Читаем Ангелы и демоны литературы. Полемические заметки «непрофессионала» о «литературном цехе» полностью

Лебядкин – карикатура на будущих поэтов-авангардистов, футуристов и откровенных литературных хулиганов, которые, подобно черту из табакерки, выскочили в ХХ веке на трибуны и сцены и в состоянии алкогольно-наркотического опьянения начали мучить публику. В одной из публикаций, описывающей капитана Лебядкина, читаем[205]:

«Несносность Лебядкина-поэта особенно состоит в том, что он не просто занимается рифмованным словоблудием, но и жаждет быть услышанным, терроризирует публику своим “талантом” вплоть до скандалов… Достоевский образом этого стихотворца словно предсказал целое нашествие подобных лебядкиных на русскую литературу в начале XX века, когда скандальность сделалась вывеской различных авангардистов от поэзии. Достоевский благодаря дару провидца сумел увидеть и показать этот, тогда еще только нарождающийся тип поэта-скандалиста».

Скандальной поэзией баловались и поэты позднего советского периода. Например, Е. Евтушенко и А. Вознесенский. В наших учебниках по литературе об этих словесных вывертах пишут достаточно толерантно: мол, поэты имеют право на творчество, а то, что они «изобретают», – даже «освежает» наш «застоявшийся» русский язык. Слова-уроды называются стандартным термином: «неологизмы». Слава Богу, вся эта эпатажная словесная муть за пределы столицы не выходила. Это был язык «творческой» интеллигенции, которой не только русский, но даже французский язык уже наскучил.

«Россию убила литература»

Следует иметь в виду, что большинство писателей и поэтов напрямую к революции не призывали. Они лишь готовили почву для нее. Если они иногда и использовали слово «революция», то либо в переносном смысле, либо до конца не понимая, что это страшное явление.
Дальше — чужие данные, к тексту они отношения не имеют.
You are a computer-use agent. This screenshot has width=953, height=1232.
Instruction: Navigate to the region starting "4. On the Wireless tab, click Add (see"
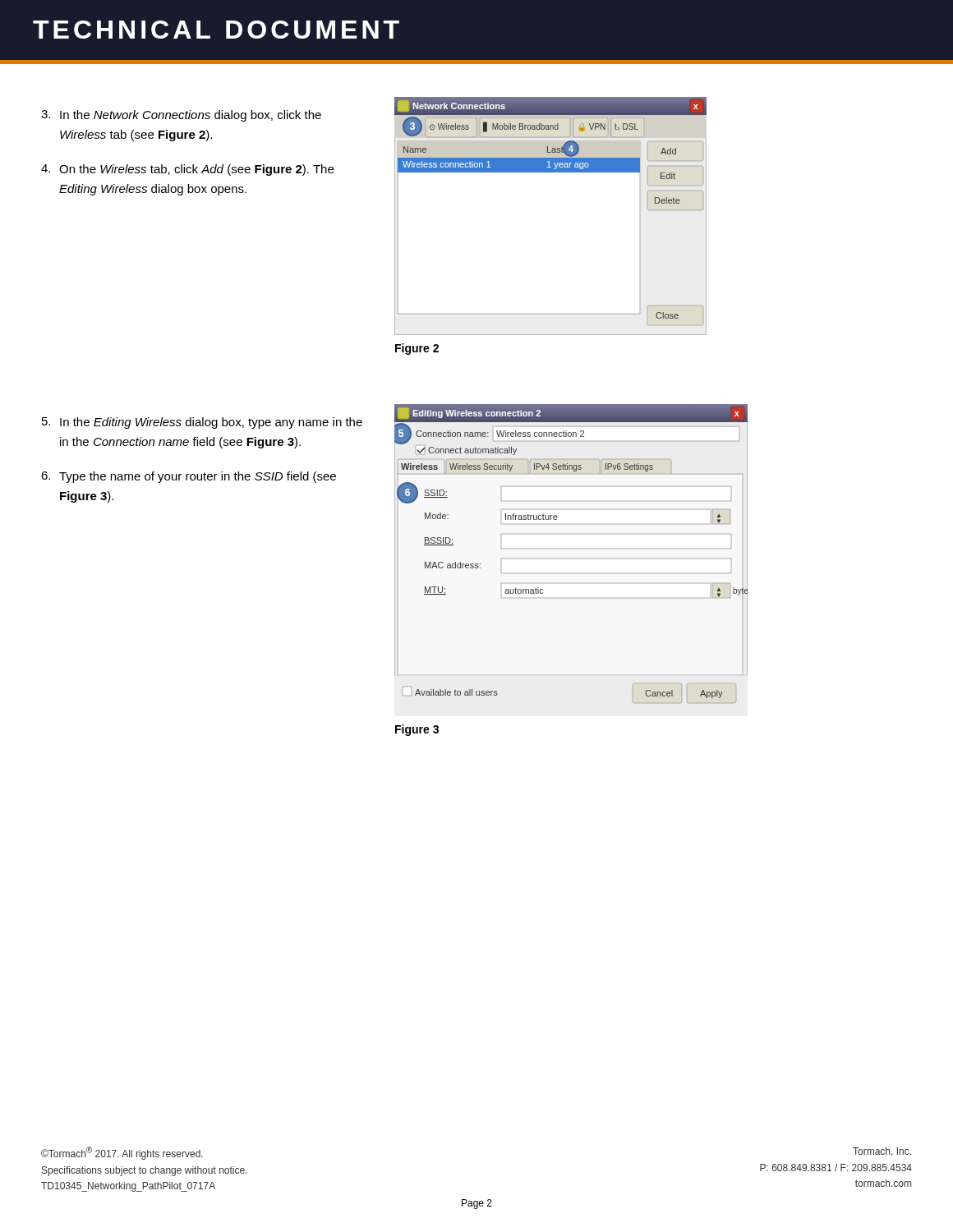tap(205, 179)
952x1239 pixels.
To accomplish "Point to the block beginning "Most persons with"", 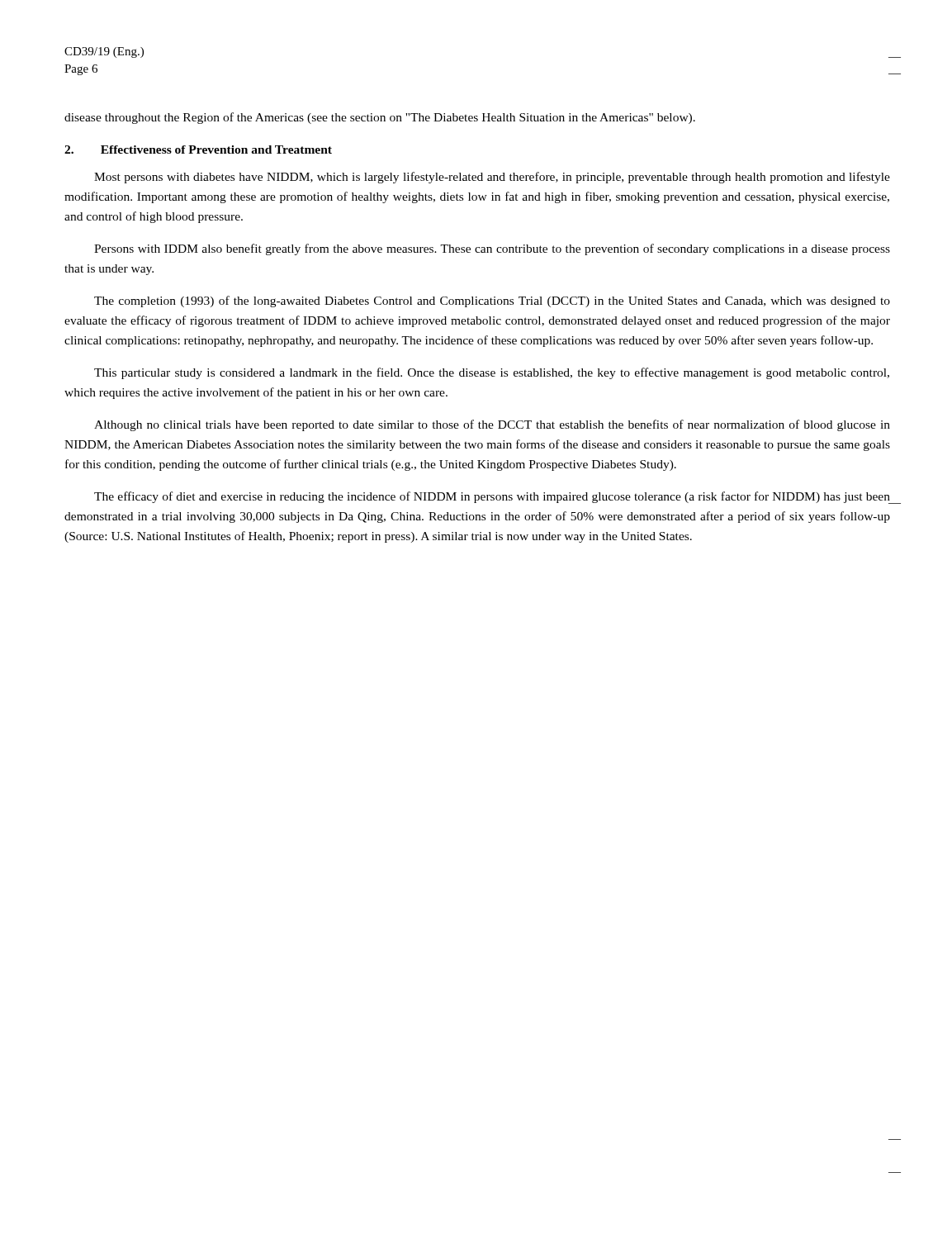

Имело место либо легкомыслие, либо невежество. Но когда тучи революции уже собрались над Россией, послышались раскаты грома и вспышки молний, многих деятелей литературы обуял какой-то неведомый им доселе дух, они вошли в состояние самой настоящей одержимости. Видимо, духи злобы поднебесной установили над некоторыми поэтами и писателями свою власть, когда они еще в разных салонах и литературных кружках начали опасные «творческие» эксперименты. Игра со словами оказалась не столь безобидной, как казалось некоторым служителям Мельпомены[206]. В начале ХХ века поэзия свидетельствовала о нашествии на Россию новоявленных духов мирового зла. При этом чувствовалось, что поэты не просто пророки или бесстрастные наблюдатели, они активные участники всех революционных непотребств. Их революционным, а правильнее сказать, демоническим энтузиазмом пропитаны строки новых стихов и поэм. Вот, например, что пишет Федор Сологуб[207]:

И верен я, отец мой Дьявол,Обету, данному в злой час,<…>Тебя, отец мой, я прославлюВ укор неправедному дню,Хулу над миром я восславлю,И соблазняя, соблазню.

Философ Иван Александрович Ильин так характеризовал подобные сатанинские вирши: «Это был уже зрелый дух безбожия, большевизма и революции». Еще одним ярким примером того, как поэты неожиданно входили в состояние революционной одержимости, является поэма Александра Блока «Двенадцать»:

Товарищ, винтовку держи, не трусь!Пальнем-ка пулей в Святую Русь —В кондовую,В избяную,В толстозадую!Эх, эх, без креста!<…>В зубах – цигарка, примят картуз,На спину б надо бубновый туз!<…>Эх, эх, согреши!Будет легче для души!<…>Эх, эх!Позабавиться не грех!Запирайте етажи,Ныне будут грабежи!Отмыкайте погреба —Гуляет нынче голытьба.<…>Мы на горе всем буржуямМировой пожар раздуем,Мировой пожар в крови —Господи, благослови!

Эти строки принадлежат тому самому Блоку, который еще недавно писал «Стихи о прекрасной даме» (цикл из 129 стихотворений, первая публикация в 1904 году). А теперь чувствовалось, что Блок считает себя пророком эпохи и он уверен, что революционная вакханалия возглавляется Самим Спасителем.

Иван Ильин писал по поводу «Двенадцати» Блока: «Эту поэму “Двенадцать” Блок писал, сам захваченный соблазнами революции. И в соблазнах этих пытался договорить, будто впереди всего этого дела, в котором уголовщина и безумие, ожесточение и черная злоба попытались отменить и добить Россию, – будто впереди этого дела с кровавым флагом и в белом венчике из роз шел Христос, Сын Божий. Русская поэзия пала в этот момент, ослепла, обезумела, но, обезумев, дала точную в своей отвратительности картину большевистской революции»[208].